We developers use git all the time. Git internals might feel like magic but what git actually does is really simple. Let us peek under the hood to see how git works.

Lets create a empty folder and then run initialize the git repo by running

$ git init

This creates .git folder inside your empty folder.

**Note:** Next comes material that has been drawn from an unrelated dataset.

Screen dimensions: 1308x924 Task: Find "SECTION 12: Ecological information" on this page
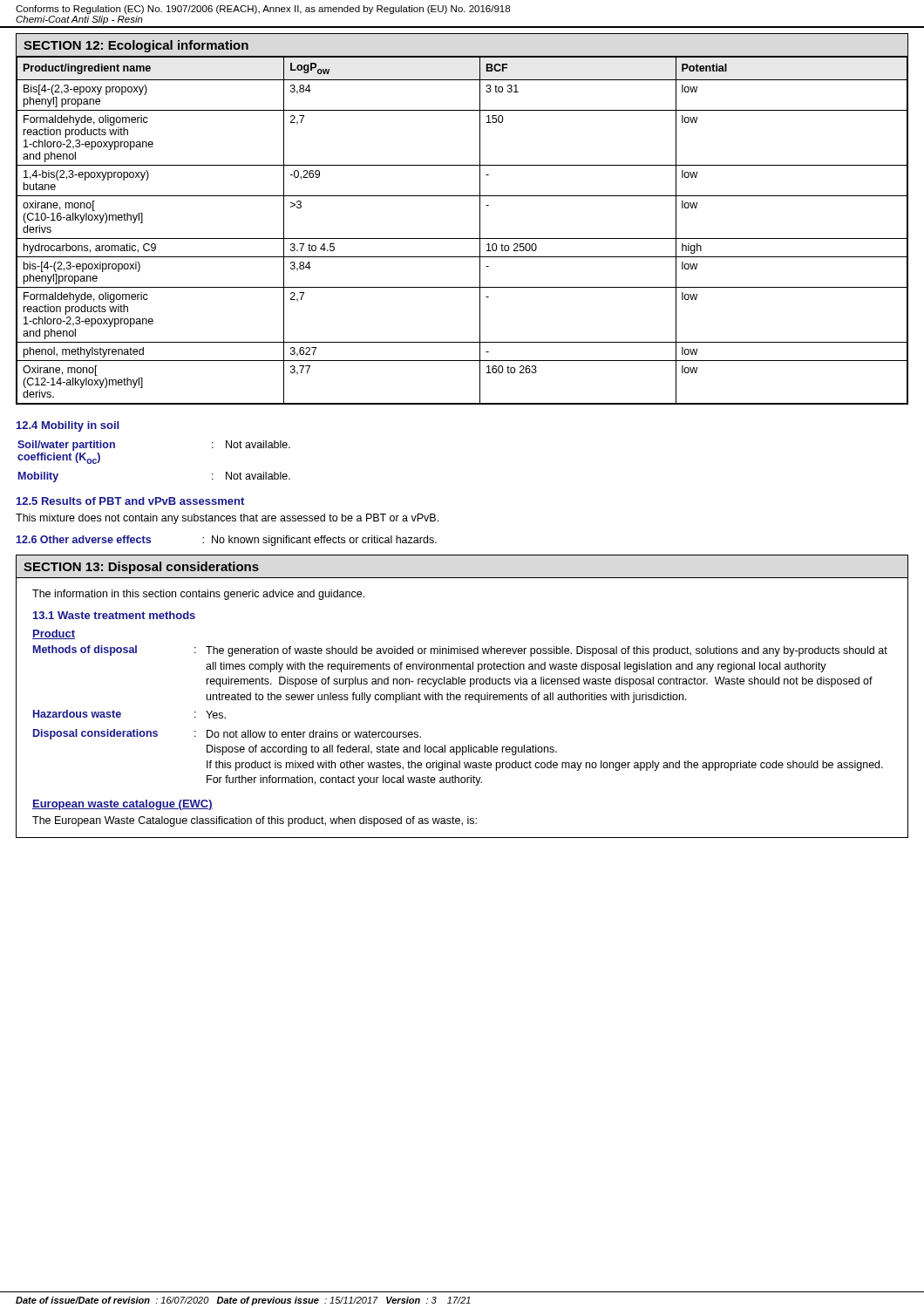136,45

The structure of this .git folder is as follows

.git/
├── branches
├── config
├── description
├── HEAD
├── hooks
├── info
│   └── exclude
├── objects
│   ├── info
│   └── pack
└── refs
    ├── heads
    └── tags

If you open up the HEAD file in your text editor you will see the following text in it

 ref: refs/heads/master

which means that your current branch is master.

Now add a file and make a first commit by doing

 $ echo "Hello" >> README.md
 $ git add .
 $ git commit -m "Initial commit"

now run $ git log and you will get

commit acde617e8ab39bb157821d3bf84d04e157bff52c (HEAD -> master)
Author: username <test@email.com>
Date:   Wed Aug 05 18:43:48 2020 +0330

    Initial commit

Note:

  • The exact commit hash that you get will differ from what you see here depending on your username, email and time that you make the commit

And if you open up refs/head/master it will have text acde617e8ab39bb157821d3bf84d04e157bff52c inside it.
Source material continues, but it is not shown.